第12話 カーチェイスその1
二人と毛皮を乗せた車は夜のニューヨークの郊外を疾走する。
「街中まで急ぐのよ。いかにあいつらでも人目のある場所なら襲ってこられないはずだから」
オーケーと返事し、アレックスはアクセルをべた踏みする。ぐんぐんと加速し、オーフェンの屋敷はあっという間に見えなくなった。
しかし、すぐに一台の車が追い付いてくる。
アレックスは眉を寄せた。おかしい、追いつかれるはずがない。こちらのほうが早い出発だったし、スピードだってこれ以上ないくらい出している。おまけにずっと直線を走っているのだから、ショートカットやドライビングテクニックで差がつくはずもない。
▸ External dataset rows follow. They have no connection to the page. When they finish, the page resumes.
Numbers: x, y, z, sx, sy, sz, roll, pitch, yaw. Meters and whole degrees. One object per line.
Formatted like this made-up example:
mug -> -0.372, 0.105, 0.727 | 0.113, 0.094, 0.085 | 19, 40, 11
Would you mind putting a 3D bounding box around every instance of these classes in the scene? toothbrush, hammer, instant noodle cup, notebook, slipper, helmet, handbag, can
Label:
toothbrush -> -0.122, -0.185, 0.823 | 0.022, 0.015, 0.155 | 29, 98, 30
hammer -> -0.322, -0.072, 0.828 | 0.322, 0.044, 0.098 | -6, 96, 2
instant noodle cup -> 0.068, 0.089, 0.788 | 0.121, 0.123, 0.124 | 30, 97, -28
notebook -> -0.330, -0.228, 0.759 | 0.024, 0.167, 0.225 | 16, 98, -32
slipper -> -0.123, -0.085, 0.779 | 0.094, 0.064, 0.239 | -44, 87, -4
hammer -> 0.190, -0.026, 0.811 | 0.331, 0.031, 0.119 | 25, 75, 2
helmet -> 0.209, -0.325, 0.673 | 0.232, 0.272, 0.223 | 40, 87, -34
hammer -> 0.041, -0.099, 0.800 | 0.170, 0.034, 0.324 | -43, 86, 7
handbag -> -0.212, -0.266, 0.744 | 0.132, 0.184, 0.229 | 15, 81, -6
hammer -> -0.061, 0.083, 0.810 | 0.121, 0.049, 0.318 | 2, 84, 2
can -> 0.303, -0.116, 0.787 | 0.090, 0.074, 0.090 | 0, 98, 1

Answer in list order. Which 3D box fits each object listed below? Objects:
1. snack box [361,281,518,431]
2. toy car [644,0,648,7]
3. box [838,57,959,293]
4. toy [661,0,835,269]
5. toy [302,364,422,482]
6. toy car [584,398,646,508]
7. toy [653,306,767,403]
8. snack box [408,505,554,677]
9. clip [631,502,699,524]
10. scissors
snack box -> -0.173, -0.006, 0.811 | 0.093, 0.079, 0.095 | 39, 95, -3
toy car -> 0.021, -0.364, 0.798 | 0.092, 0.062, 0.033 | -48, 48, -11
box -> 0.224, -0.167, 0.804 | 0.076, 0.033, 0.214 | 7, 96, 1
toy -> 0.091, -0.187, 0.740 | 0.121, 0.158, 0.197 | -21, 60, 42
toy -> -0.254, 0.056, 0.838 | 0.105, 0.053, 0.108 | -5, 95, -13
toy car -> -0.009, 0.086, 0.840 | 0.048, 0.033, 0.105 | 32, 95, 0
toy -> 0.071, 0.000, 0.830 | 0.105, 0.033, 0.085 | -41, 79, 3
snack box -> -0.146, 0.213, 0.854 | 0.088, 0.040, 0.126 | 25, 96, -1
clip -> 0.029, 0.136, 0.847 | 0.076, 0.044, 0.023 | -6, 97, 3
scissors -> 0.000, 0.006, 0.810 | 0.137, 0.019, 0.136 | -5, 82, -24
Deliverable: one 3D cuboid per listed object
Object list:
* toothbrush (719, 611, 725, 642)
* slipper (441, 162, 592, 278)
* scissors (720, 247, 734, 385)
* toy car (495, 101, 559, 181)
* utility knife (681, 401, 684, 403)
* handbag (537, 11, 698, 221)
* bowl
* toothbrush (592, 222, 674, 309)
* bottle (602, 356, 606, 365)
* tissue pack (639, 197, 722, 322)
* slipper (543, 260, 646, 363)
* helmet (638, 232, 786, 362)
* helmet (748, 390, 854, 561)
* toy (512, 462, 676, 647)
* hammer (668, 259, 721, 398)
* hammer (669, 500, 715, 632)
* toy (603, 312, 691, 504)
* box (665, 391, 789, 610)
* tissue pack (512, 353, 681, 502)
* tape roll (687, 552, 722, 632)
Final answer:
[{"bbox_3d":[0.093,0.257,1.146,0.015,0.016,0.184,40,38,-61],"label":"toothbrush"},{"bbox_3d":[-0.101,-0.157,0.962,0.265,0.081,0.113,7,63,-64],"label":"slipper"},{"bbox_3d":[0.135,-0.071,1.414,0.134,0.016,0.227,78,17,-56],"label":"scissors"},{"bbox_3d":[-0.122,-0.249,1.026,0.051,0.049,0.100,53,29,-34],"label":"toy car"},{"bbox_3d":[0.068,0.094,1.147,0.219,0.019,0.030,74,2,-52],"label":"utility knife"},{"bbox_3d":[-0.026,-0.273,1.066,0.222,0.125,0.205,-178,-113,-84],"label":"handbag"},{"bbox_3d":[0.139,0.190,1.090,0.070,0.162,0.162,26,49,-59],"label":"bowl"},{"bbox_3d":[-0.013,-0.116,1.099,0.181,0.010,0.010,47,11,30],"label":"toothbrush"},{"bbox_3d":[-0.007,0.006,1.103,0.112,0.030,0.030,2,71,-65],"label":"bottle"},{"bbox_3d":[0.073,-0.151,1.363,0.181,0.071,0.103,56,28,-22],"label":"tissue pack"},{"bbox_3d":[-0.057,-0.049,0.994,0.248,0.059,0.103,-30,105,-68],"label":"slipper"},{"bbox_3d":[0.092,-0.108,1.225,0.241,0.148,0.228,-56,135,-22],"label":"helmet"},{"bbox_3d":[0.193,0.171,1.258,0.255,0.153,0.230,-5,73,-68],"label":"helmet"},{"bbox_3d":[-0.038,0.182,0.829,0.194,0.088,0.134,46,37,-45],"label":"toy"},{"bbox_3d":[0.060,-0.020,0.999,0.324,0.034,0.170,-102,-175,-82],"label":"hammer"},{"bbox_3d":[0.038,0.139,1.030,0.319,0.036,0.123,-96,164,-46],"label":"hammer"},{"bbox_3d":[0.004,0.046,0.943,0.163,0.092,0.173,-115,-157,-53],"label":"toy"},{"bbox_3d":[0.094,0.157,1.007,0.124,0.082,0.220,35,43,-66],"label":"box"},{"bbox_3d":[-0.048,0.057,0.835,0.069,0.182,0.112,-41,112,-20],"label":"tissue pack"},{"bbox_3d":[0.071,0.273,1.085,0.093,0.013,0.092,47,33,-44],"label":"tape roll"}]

アレックスがバックミラーを確認すると、そこに映っていたのは赤い輝きだった。
ベンツだ。なるほど、追いつかれるはずである。この普通車とは性能が段違いだ。遠く小さかった赤い輝きは見る見るうちに大きくなる。あっという間に追いつかれ、運転席のシーザーがはっきりと確認できる距離にまでなった。
バックミラーに映ったシーザーが窓から身を乗り出し、銃を構えた。
「危ない、伏せろ」
アレックスはフィオナの頭を押さえつけた。
次の瞬間、銃声が立て続けに三つ鳴る。車に異常はない。幸いにも弾は外れたようだ。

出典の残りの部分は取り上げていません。